By the multiplicativity of the Jacobi symbol in both arguments (from [Properties of the Jacobi Symbol](/theorems/1722)),
\begin{align*}
\left(\frac{m}{n}\right) &= \prod_{j=1}^{\ell} \left(\frac{m}{q_j}\right) = \prod_{j=1}^{\ell} \prod_{i=1}^{k} \left(\frac{p_i}{q_j}\right) = \prod_{i=1}^{k} \prod_{j=1}^{\ell} \left(\frac{p_i}{q_j}\right),
\end{align*}
and symmetrically
\begin{align*}
\left(\frac{n}{m}\right) &= \prod_{i=1}^{k} \prod_{j=1}^{\ell} \left(\frac{q_j}{p_i}\right).
\end{align*}
Each factor on the right-hand side is a Legendre symbol between distinct odd primes (since $p_i \neq q_j$).
[/step]
[step:Apply Legendre Quadratic Reciprocity at each prime pair]

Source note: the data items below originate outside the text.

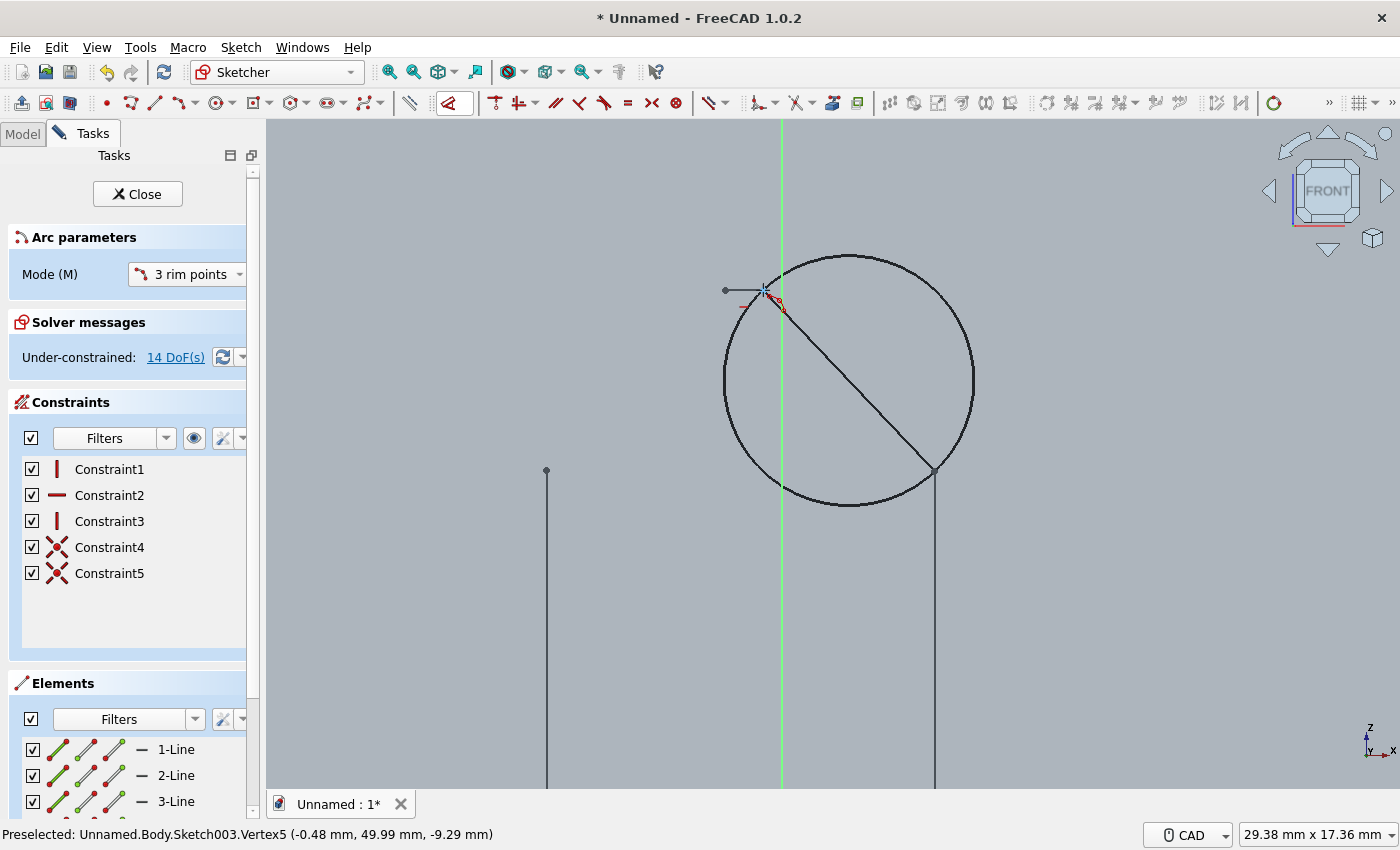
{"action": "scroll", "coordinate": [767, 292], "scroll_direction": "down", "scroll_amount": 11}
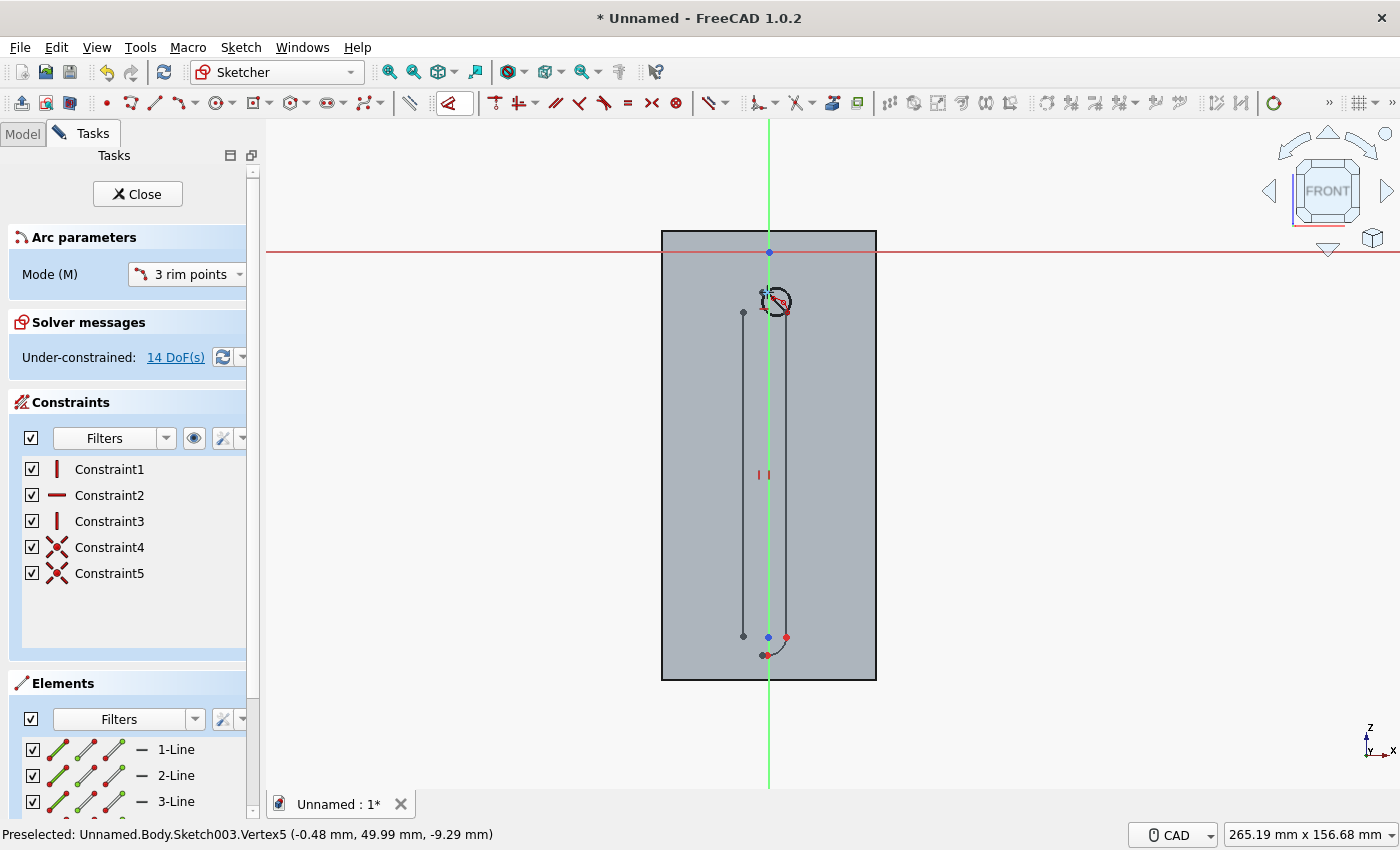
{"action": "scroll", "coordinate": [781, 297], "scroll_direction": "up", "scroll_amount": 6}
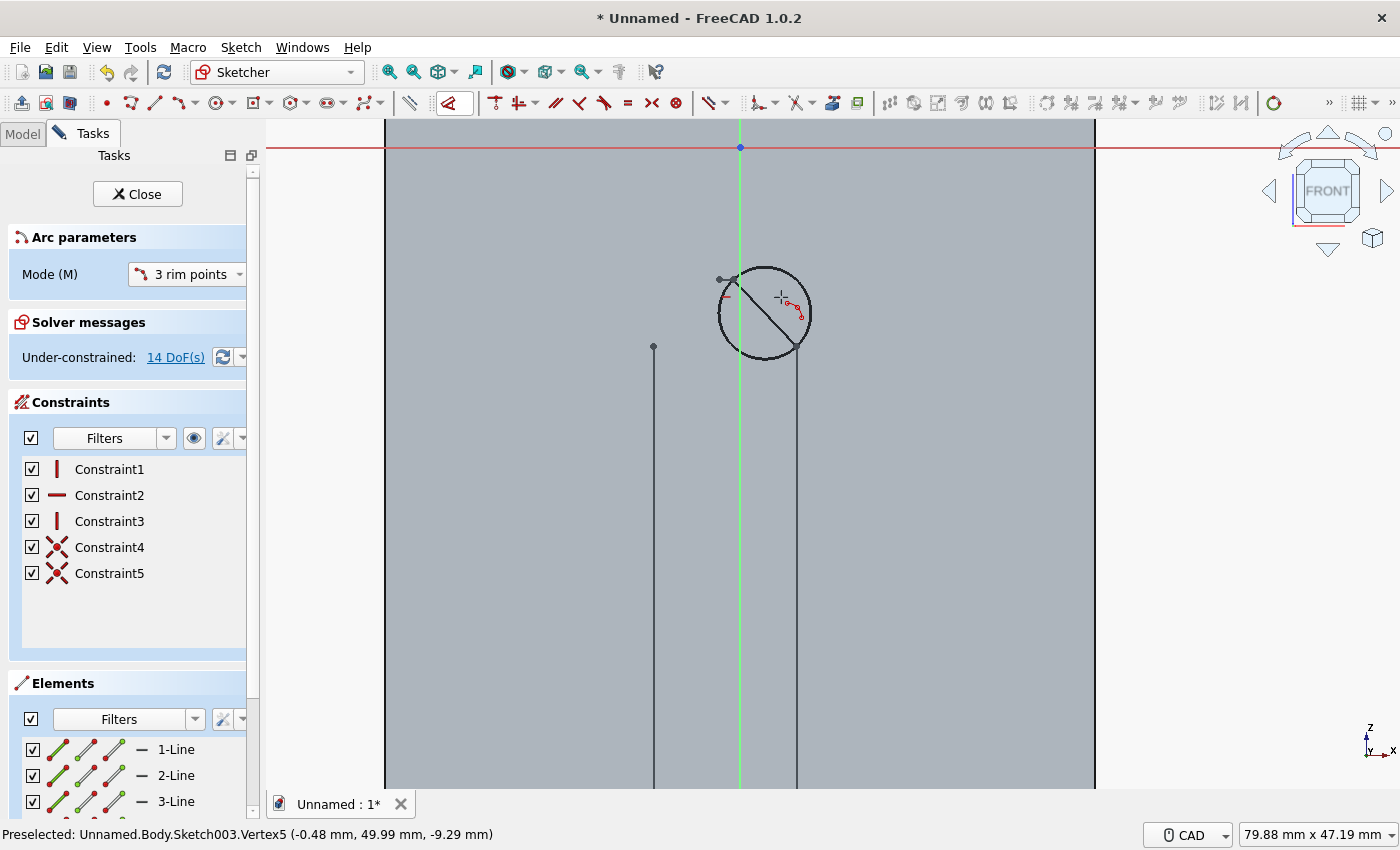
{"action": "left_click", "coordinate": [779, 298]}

For each pair $(i, j)$, both $p_i$ and $q_j$ are distinct odd primes. The hypotheses of [Quadratic Reciprocity for the Legendre Symbol](/theorems/???) are met, and we obtain
\begin{align*}
\left(\frac{p_i}{q_j}\right) &= (-1)^{\frac{p_i - 1}{2} \cdot \frac{q_j - 1}{2}} \left(\frac{q_j}{p_i}\right).
\end{align*}
Taking the double product over $i$ and $j$ and using Step 2:
\begin{align*}
\left(\frac{m}{n}\right) &= \prod_{i=1}^{k} \prod_{j=1}^{\ell} \left(\frac{p_i}{q_j}\right) = \prod_{i=1}^{k} \prod_{j=1}^{\ell} (-1)^{\frac{p_i - 1}{2} \cdot \frac{q_j - 1}{2}} \left(\frac{q_j}{p_i}\right) = \varepsilon \cdot \left(\frac{n}{m}\right),
\end{align*}
where the global sign is
\begin{align*}
\varepsilon &= \prod_{i=1}^{k} \prod_{j=1}^{\ell} (-1)^{\frac{p_i - 1}{2} \cdot \frac{q_j - 1}{2}} = (-1)^{E}, & E &= \sum_{i=1}^{k} \sum_{j=1}^{\ell} \frac{p_i - 1}{2} \cdot \frac{q_j - 1}{2}.
\end{align*}
[/step]
[step:Identify $E$ modulo $2$ with $rs$, where $r, s$ count odd primes $\equiv 3 \pmod 4$]
Define
\begin{align*}
r &= \#\{i \in \{1, \ldots, k\} : p_i \equiv 3 \pmod 4\}, & s &= \#\{j \in \{1, \ldots, \ell\} : q_j \equiv 3 \pmod 4\}.
\end{align*}
For any odd prime $p$, $\frac{p-1}{2} \equiv 0 \pmod 2$ if $p \equiv 1 \pmod 4$, and $\frac{p-1}{2} \equiv 1 \pmod 2$ if $p \equiv 3 \pmod 4$. Therefore the factorised double sum separates:
\begin{align*}
E &= \left(\sum_{i=1}^{k} \frac{p_i - 1}{2}\right) \left(\sum_{j=1}^{\ell} \frac{q_j - 1}{2}\right).
\end{align*}
Reducing each factor modulo $2$,
\begin{align*}
\sum_{i=1}^{k} \frac{p_i - 1}{2} &\equiv r \pmod 2, & \sum_{j=1}^{\ell} \frac{q_j - 1}{2} &\equiv s \pmod 2,
\end{align*}
since only the primes $\equiv 3 \pmod 4$ contribute an odd value to the sum. Hence $E \equiv rs \pmod 2$, and
\begin{align*}
\varepsilon &= (-1)^{E} = (-1)^{rs}.
\end{align*}
[/step]
[step:Match $rs$ to $\frac{m-1}{2} \cdot \frac{n-1}{2}$ modulo $2$]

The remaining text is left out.